## EXERCISE DIRECTIONS
Collect all lines from the records below that include the word "with".

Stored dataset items

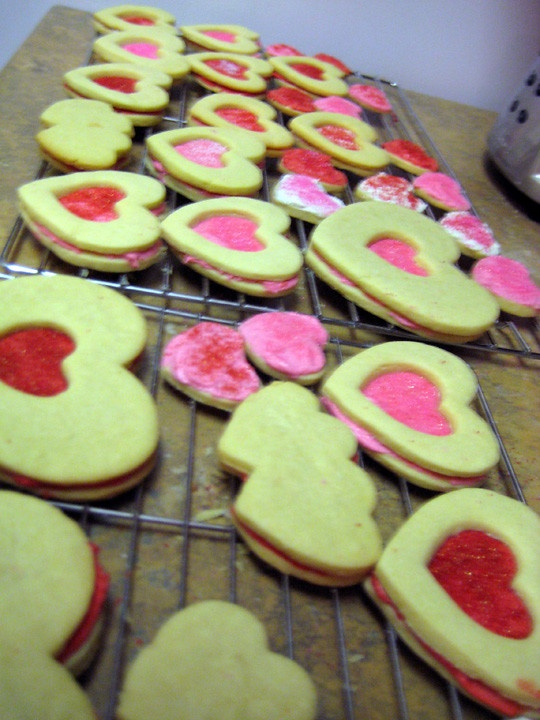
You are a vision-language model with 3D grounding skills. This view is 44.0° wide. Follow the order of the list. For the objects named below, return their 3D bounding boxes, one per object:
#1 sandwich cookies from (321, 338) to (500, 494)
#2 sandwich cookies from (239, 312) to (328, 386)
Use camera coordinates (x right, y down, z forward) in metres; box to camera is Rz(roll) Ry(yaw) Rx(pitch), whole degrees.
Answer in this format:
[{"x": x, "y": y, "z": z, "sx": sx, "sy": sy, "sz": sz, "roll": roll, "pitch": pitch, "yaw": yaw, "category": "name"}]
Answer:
[{"x": 0.187, "y": 0.076, "z": 0.889, "sx": 0.232, "sy": 0.047, "sz": 0.202, "roll": 10, "pitch": 35, "yaw": -5, "category": "sandwich cookies"}, {"x": 0.008, "y": -0.006, "z": 0.958, "sx": 0.124, "sy": 0.026, "sz": 0.112, "roll": 17, "pitch": 35, "yaw": 1, "category": "sandwich cookies"}]
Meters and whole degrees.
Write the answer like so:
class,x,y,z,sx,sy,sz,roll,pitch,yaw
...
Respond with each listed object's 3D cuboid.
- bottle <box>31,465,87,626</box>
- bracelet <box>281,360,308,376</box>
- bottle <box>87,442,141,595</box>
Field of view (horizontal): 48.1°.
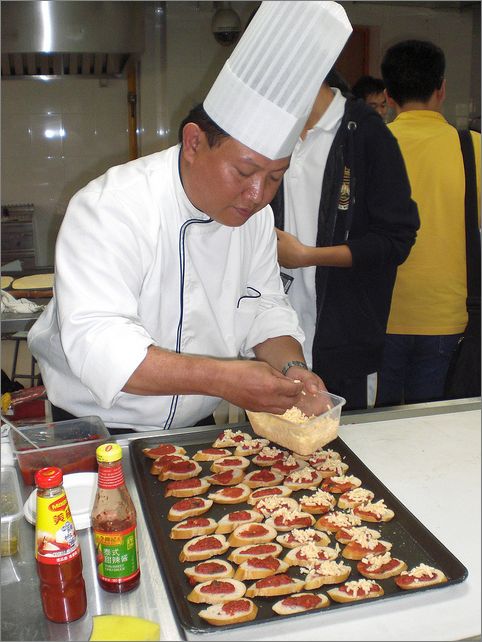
class,x,y,z,sx,sy,sz,roll,pitch,yaw
bottle,-0.219,0.278,0.647,0.053,0.195,0.052,-1,10,0
bracelet,0.123,0.114,1.304,0.037,0.012,0.039,-11,24,2
bottle,-0.171,0.257,0.719,0.060,0.230,0.128,-4,10,-14

## RESPONSE TO THIS TASK
You are a vision-language model with 3D grounding skills. This view is 44.0° wide. Follow the order of the list. For the objects named below, return their 3D bounding boxes, one per object:
Respond with each listed object's 3D cuboid.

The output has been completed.